Babylon

 •  2 min. read  •  grade level: 8
Babel signifies confusion and in the Hebrew, Babel and Babylon are the same. Ancient Babylon was a city of great size having twenty-five gates on each side. Its walls were said to be seventy-five feet thick and about three hundred feet high. Nebuchadnezzar said, "Is not this great Babylon, that I have built?" Dan. 4:30. Its destruction was fully prophesied in Isaiah and Jeremiah and its downfall came unexpectedly in one night. (Dan. 5:30.) The moral features of Babylon were idolatrous corruption and worldliness.
Six times in Revelation, Babylon is mentioned and always it is great. In the New Testament the name Babylon, still meaning confusion, is used again and applied to the false Church. Its moral features are the same as Babylon of the Old Testament. Also her destruction is sudden with the kings of the earth bewailing her and saying. "Alas, alas, that great city Babylon, that mighty city! for in one hour is thy judgment come." Rev. 18:10. In Rev. 17 she is "the great whore that sitteth upon many waters" and "the mother of harlots and abominations of the earth." She is the woman that rides the beast that "was, and is not; and shall ascend out of the bottomless pit and go into perdition." What picturesque language to describe false, apostate Christendom. For a short time after the true Church is raptured to heaven, she is in control of the revived Roman empire.
There is a pleading call that applies now to true believers to: "Come out of her, My people, that ye be not partakers of her sins, and that ye receive not of her plagues." Rev. 18:4.
The recent anxiety and uproar over the hijacking of the cruise liner, Achille Lauro, and then the sudden apprehension of the hijackers, resulted in a downfall in the Italian government.
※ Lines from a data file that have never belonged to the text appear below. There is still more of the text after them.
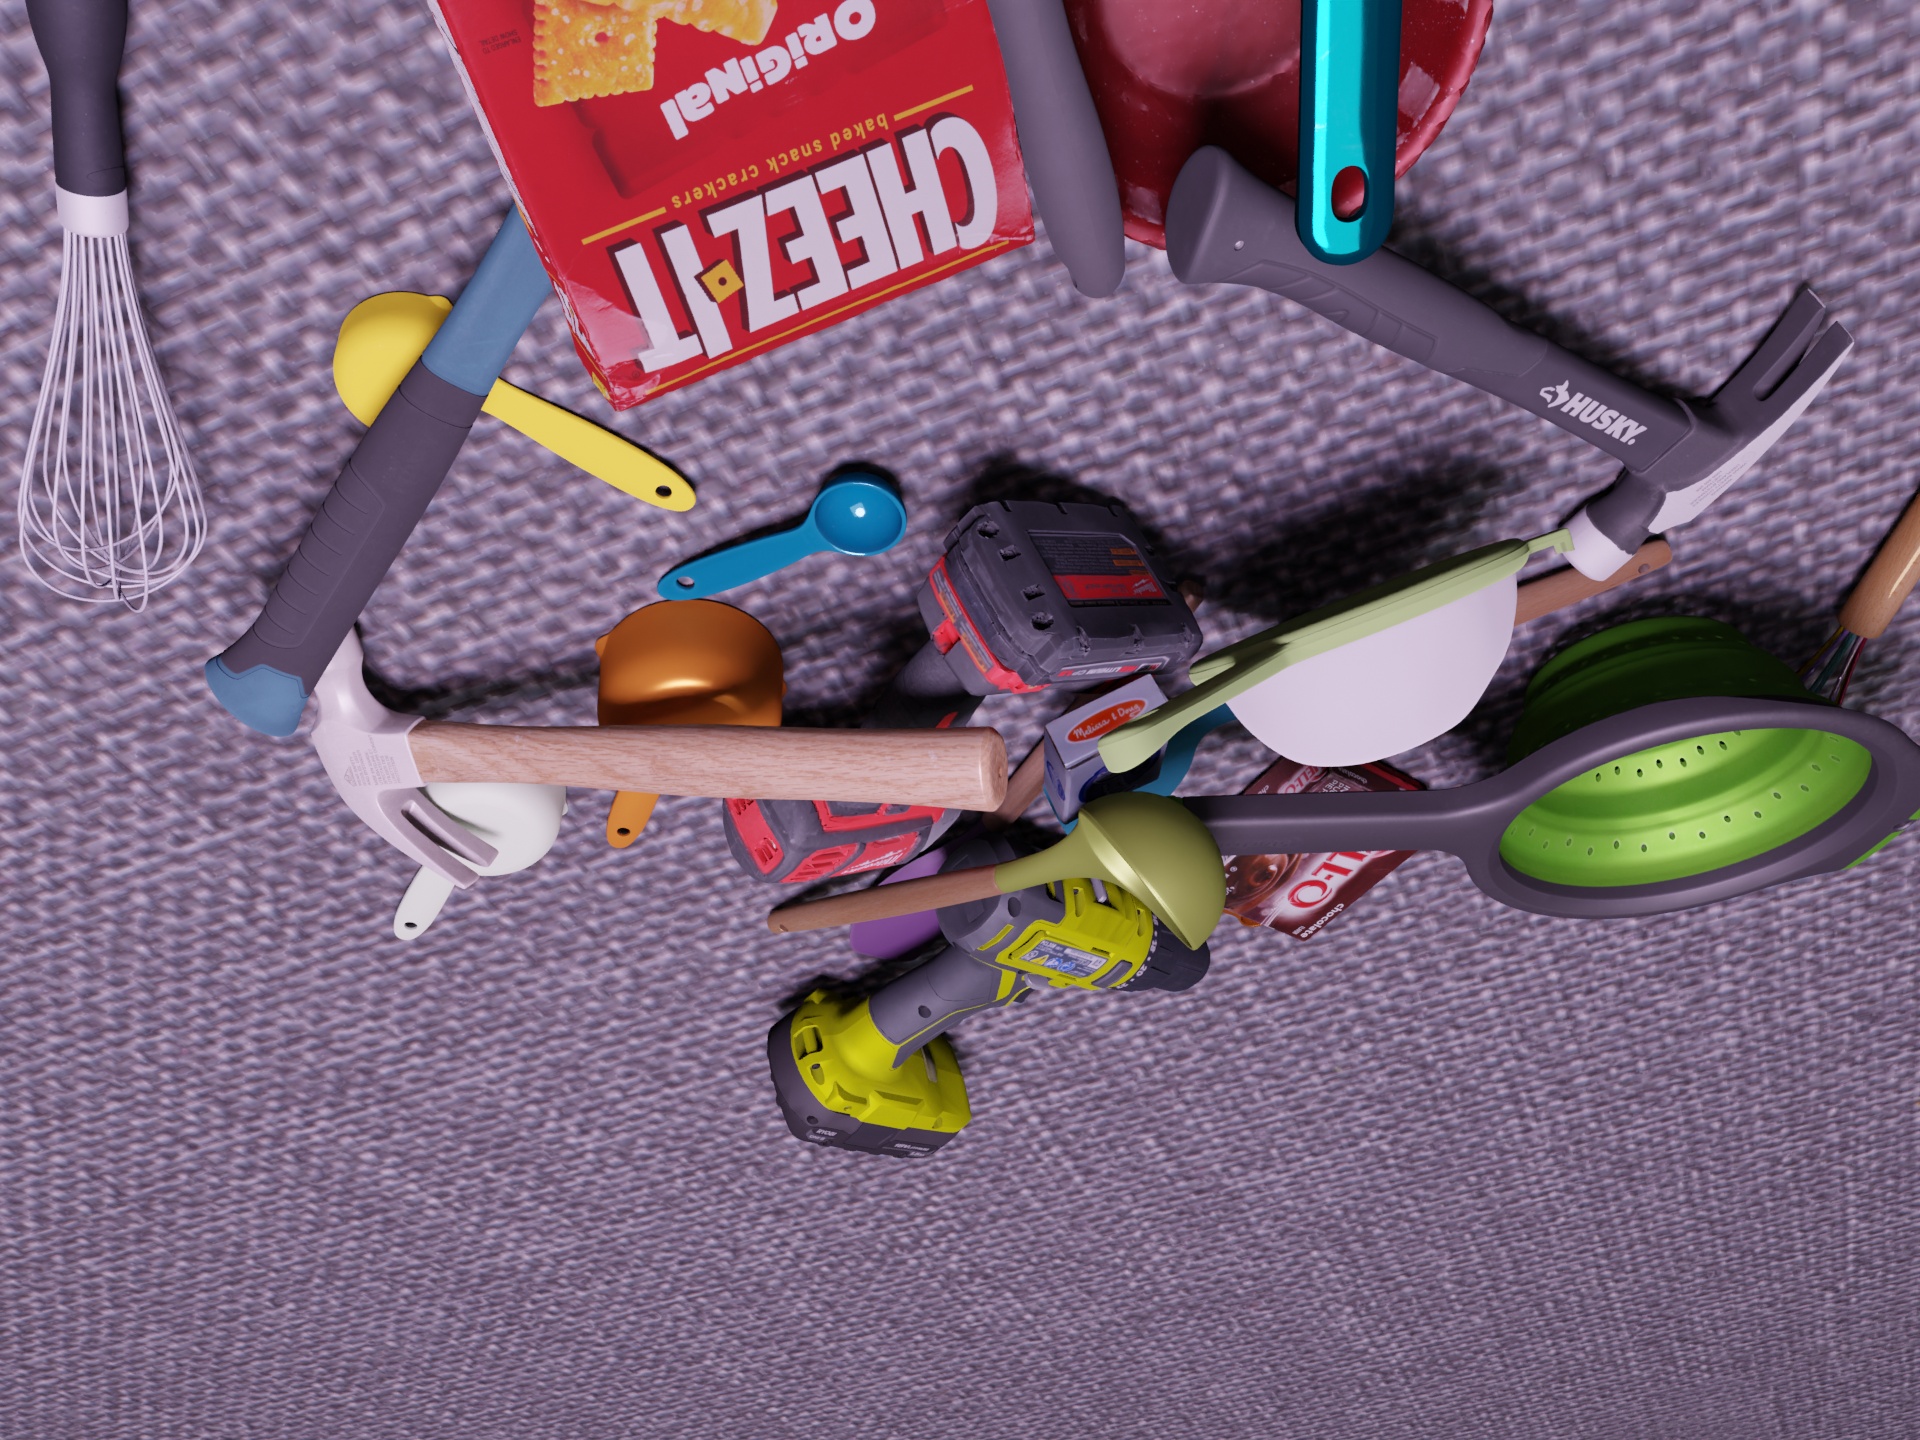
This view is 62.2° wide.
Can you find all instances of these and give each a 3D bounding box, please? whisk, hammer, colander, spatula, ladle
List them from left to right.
[{"bbox_3d":[-0.314,-0.159,0.583,0.070,0.070,0.284,8,128,-14],"label":"whisk"},{"bbox_3d":[-0.200,-0.121,0.603,0.128,0.033,0.331,24,117,-35],"label":"hammer"},{"bbox_3d":[-0.139,0.019,0.694,0.331,0.031,0.130,1,120,20],"label":"hammer"},{"bbox_3d":[-0.002,0.089,0.779,0.320,0.062,0.078,-17,119,45],"label":"ladle"},{"bbox_3d":[0.029,0.038,0.836,0.059,0.018,0.315,17,131,-28],"label":"spatula"},{"bbox_3d":[0.019,-0.223,0.477,0.055,0.055,0.238,-15,140,8],"label":"whisk"},{"bbox_3d":[0.194,-0.016,0.784,0.317,0.044,0.082,-22,134,13],"label":"spatula"},{"bbox_3d":[0.262,0.015,0.776,0.397,0.095,0.204,-1,148,-4],"label":"colander"},{"bbox_3d":[0.209,-0.146,0.615,0.334,0.035,0.146,13,135,-35],"label":"hammer"},{"bbox_3d":[0.444,-0.029,0.800,0.051,0.047,0.244,-26,143,-40],"label":"whisk"}]

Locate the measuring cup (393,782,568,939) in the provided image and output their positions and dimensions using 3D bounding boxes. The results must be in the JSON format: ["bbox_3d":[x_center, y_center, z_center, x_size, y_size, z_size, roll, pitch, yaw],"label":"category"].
[{"bbox_3d":[-0.263,0.075,0.824,0.083,0.038,0.167,22,126,-25],"label":"measuring cup"}]

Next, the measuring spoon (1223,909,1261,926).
[{"bbox_3d":[0.131,0.092,0.909,0.116,0.011,0.021,25,127,-23],"label":"measuring spoon"}]

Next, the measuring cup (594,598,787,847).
[{"bbox_3d":[-0.144,0.021,0.775,0.095,0.052,0.173,15,129,-20],"label":"measuring cup"}]

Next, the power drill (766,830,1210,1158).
[{"bbox_3d":[0.017,0.162,0.913,0.190,0.080,0.228,23,126,-40],"label":"power drill"}]

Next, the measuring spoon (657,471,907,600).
[{"bbox_3d":[-0.082,-0.082,0.712,0.128,0.021,0.042,-17,134,23],"label":"measuring spoon"}]

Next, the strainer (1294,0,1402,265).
[{"bbox_3d":[0.099,-0.303,0.426,0.211,0.095,0.340,-6,121,0],"label":"strainer"}]

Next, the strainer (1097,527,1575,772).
[{"bbox_3d":[0.146,-0.005,0.648,0.151,0.256,0.069,-21,93,45],"label":"strainer"}]

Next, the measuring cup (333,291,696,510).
[{"bbox_3d":[-0.178,-0.118,0.650,0.156,0.029,0.062,26,126,-25],"label":"measuring cup"}]

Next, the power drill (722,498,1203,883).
[{"bbox_3d":[-0.001,-0.002,0.734,0.143,0.079,0.219,-5,149,-48],"label":"power drill"}]

The Prime Minister, Bettino Craxi resigned. First the resignation was accepted but then it only became provisional and a short time later it was rejected. One of the statements about this was that it should not be surprising that a government that disappeared can be reincarnated. Although this is only a small happening, yet its similarity to the coming revival of the Roman empire which ruled the earth when Christ came the first time is very remarkable.
These events, as rays of light, ought to point every true Christian to the coming of Christ as the Bright and Morning Star. After this He will cleanse the earth with judgments and then come as the Sun of righteousness with healing. (Mal. 4:2.) He will be "Kings of Kings, and Lord of Lords." Rev. 19:16. Ed.